Die 29-jährige Frau ist hingegen der Auffassung, dass dies für die Zeit zwischen Semesterbeginn und Vorlesungsbeginn (4. Oktober 2010) nicht gelte.
Das Urteil des Hessischen Landessozialgerichts (L 9 AL 148/13)
Arbeitslosengeld kann nur beanspruchen, wer den Vermittlungsbemühungen der Agentur für Arbeit zur Verfügung steht. Diese Verfügbarkeit wird bei Studierenden regelmäßig verneint, weil sie - so die gesetzliche Vermutung - nur versicherungsfreie Beschäftigungen ausüben können. Beginnt das Studium für den Studierenden erst mit Beginn der Lehrveranstaltungen, so kann diese Vermutung widerlegt werden.
Studentin bekommt Recht
Die Richter gaben der Studentin Recht. Allein durch die Immatrikulation (Einschreibung an einer Hochschule) sei keine wesentliche Änderung in den tatsächlichen oder rechtlichen Verhältnissen eingetreten, aufgrund derer die Bewilligung des Arbeitslosengeldes aufzuheben gewesen sei, so das Urteil (Az. L 9 AL 148/13) des Hessischen Landessozialgerichts.

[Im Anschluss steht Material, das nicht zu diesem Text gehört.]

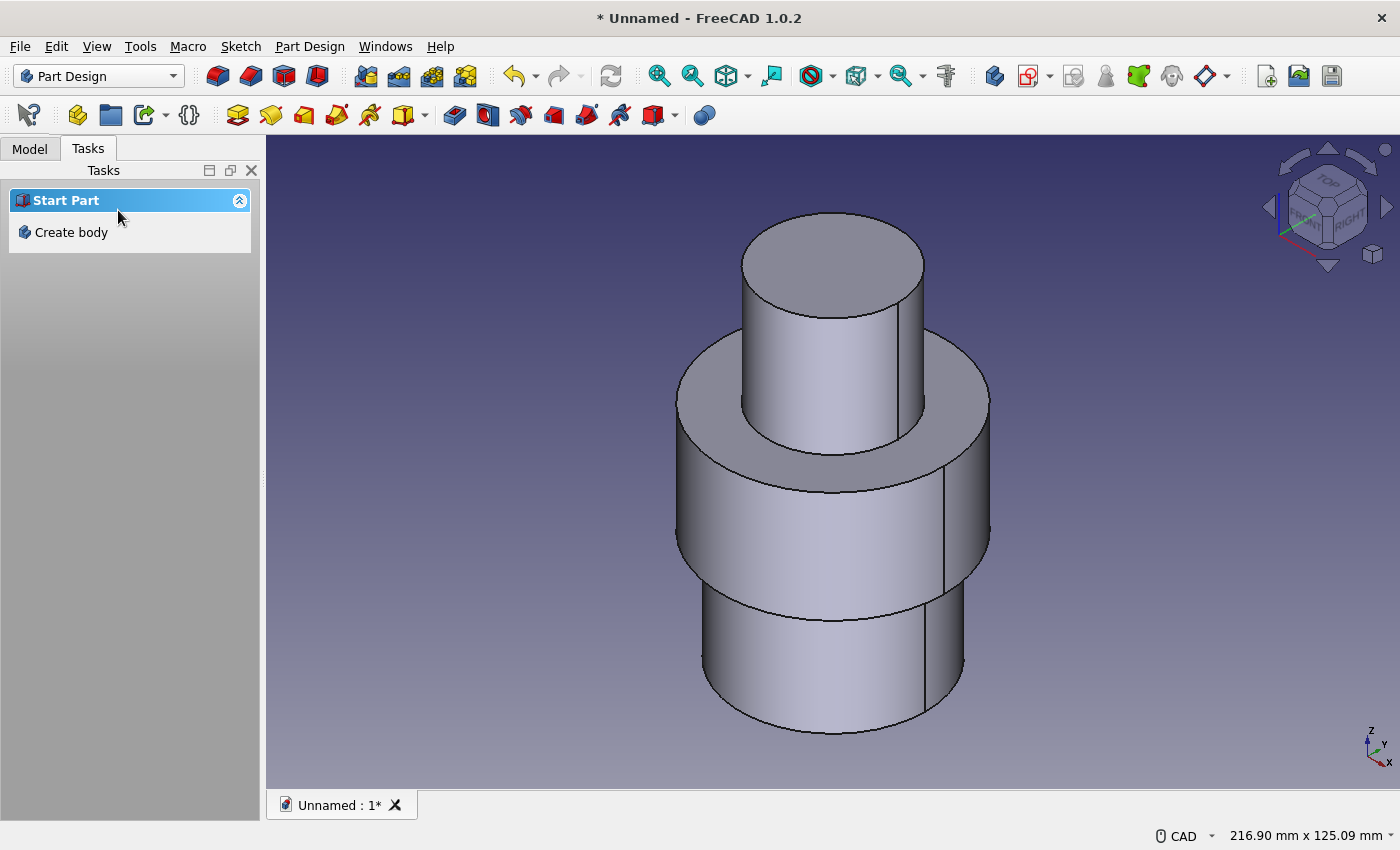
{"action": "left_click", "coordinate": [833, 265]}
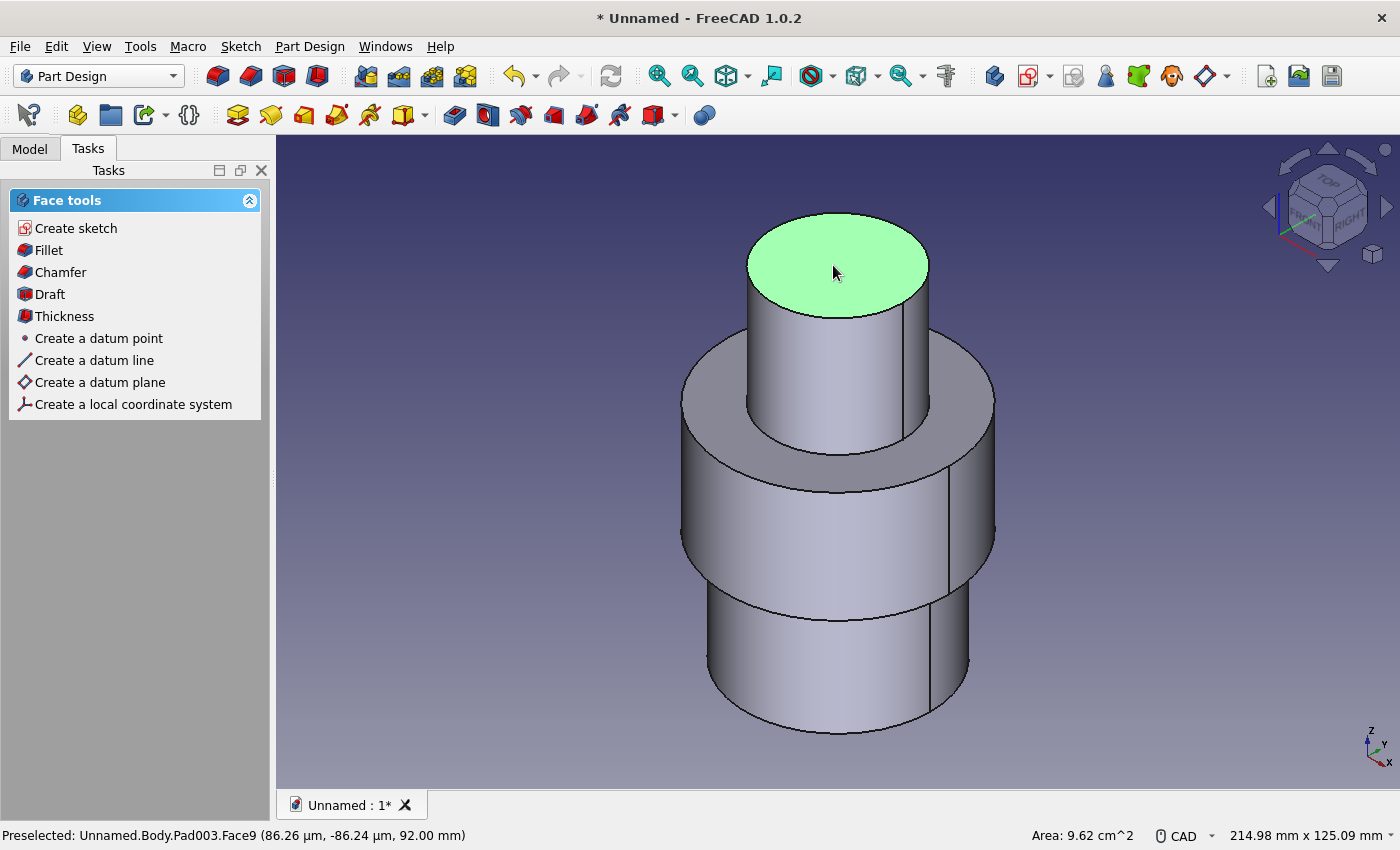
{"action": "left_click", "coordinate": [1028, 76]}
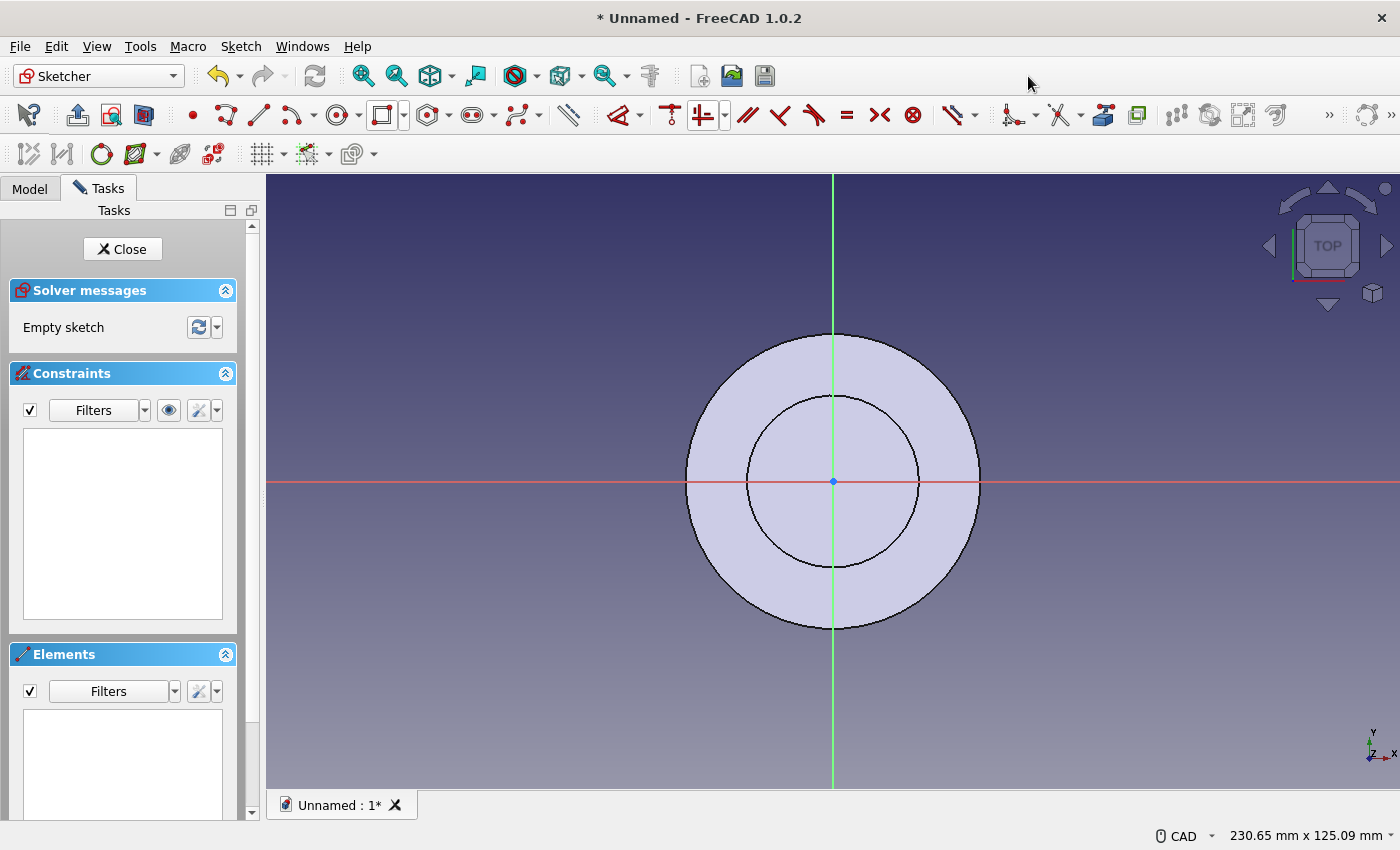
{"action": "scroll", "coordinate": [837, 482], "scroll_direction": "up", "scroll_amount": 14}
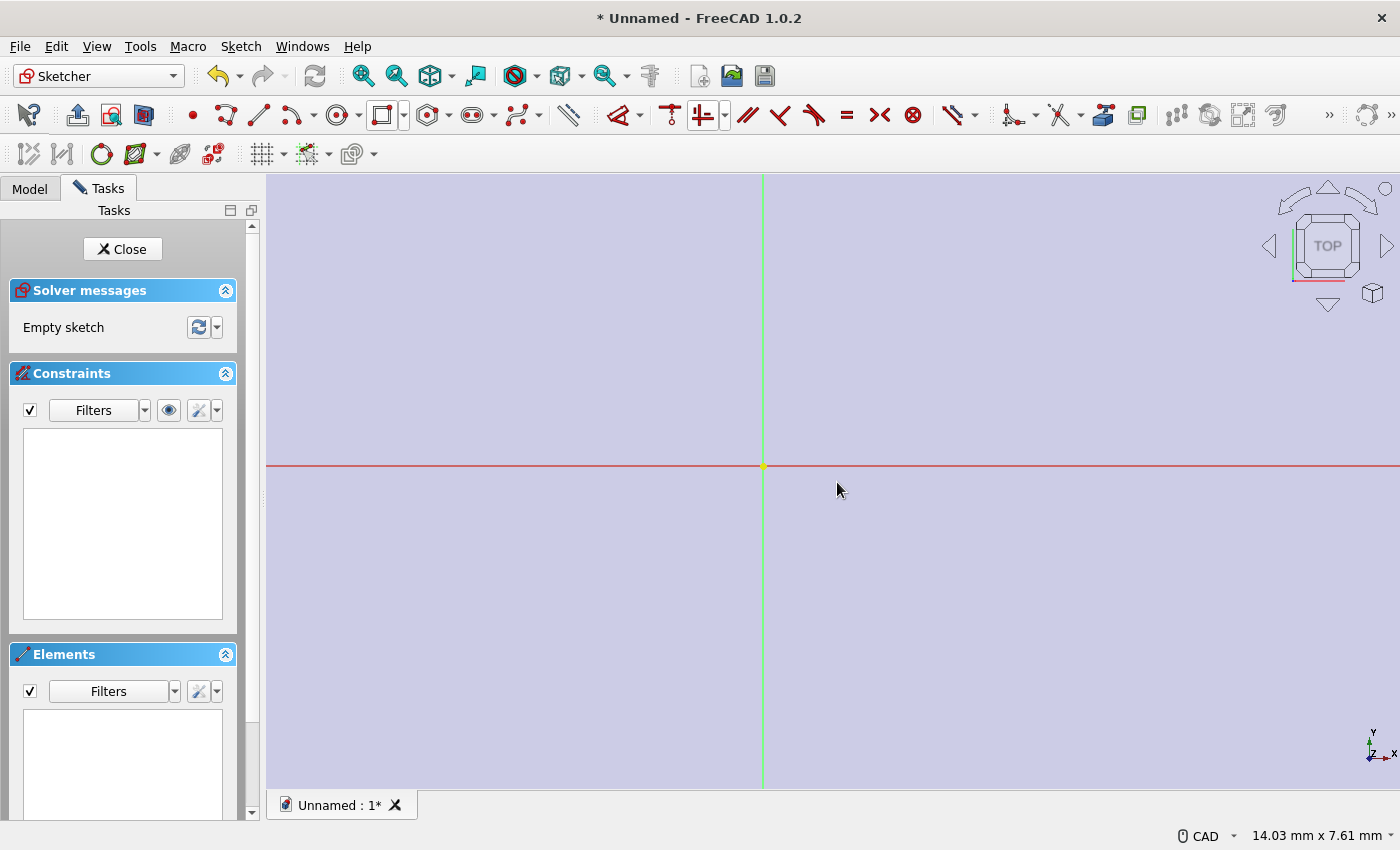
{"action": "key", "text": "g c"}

Aus dem Urteil: [...] Durch die Immatrikulation der Klägerin zum Studium ist vorliegend - bezogen auf den streitgegenständlichen Zeitraum - keine wesentliche Änderung in den tatsächlichen oder rechtlichen Verhältnissen, die beim Erlass des Bescheides über die Bewilligung von Arbeitslosengeld vorgelegen haben, eingetreten. Nach § 120 Abs. 2 SGB III in der Fassung des Gesetzes vom 21. Dezember 2008 (BGBl. I 2917 - a. F.) wird bei Schülern oder Studenten einer Schule, Hochschule oder sonstigen Ausbildungsstätte vermutet, dass sie nur versicherungsfreie Beschäftigungen ausüben können. Die Vermutung ist widerlegt, wenn der Schüler oder Student darlegt und nachweist, dass der Ausbildungsgang die Ausübung einer versicherungspflichtigen, mindestens 15 Stunden wöchentlich umfassenden Beschäftigung bei ordnungsgemäßer Erfüllung der in den Ausbildungs- und Prüfungsbestimmungen vorgeschriebenen Anforderungen zulässt. Die Bestimmung entspricht dem früheren § 103a AFG. § 120 Abs. 2 Satz 2 SGB III a. F. fordert für die Widerlegung dieser Vermutung - in einem ersten Schritt - Darlegungen des Studierenden, dass nicht bereits die abstrakten Regelungen in den einschlägigen Studien- und Prüfungsordnungen der Ausübung einer beitragspflichtigen Beschäftigung entgegenstehen. Darüber hinaus muss der Studierende - in einem zweiten Schritt - darlegen und nachweisen, wie er sein Studium gestaltet hätte, um daneben einer Beschäftigung nachgehen zu können, die nicht unter das Werkstudentenprivileg des § 27 Abs. 4 SGB III fällt (vgl. BSG, Urteil vom 14. März 1996 - 7 RAr 18/94 - SozR 3-4100 § 103 Nr. 15). [...]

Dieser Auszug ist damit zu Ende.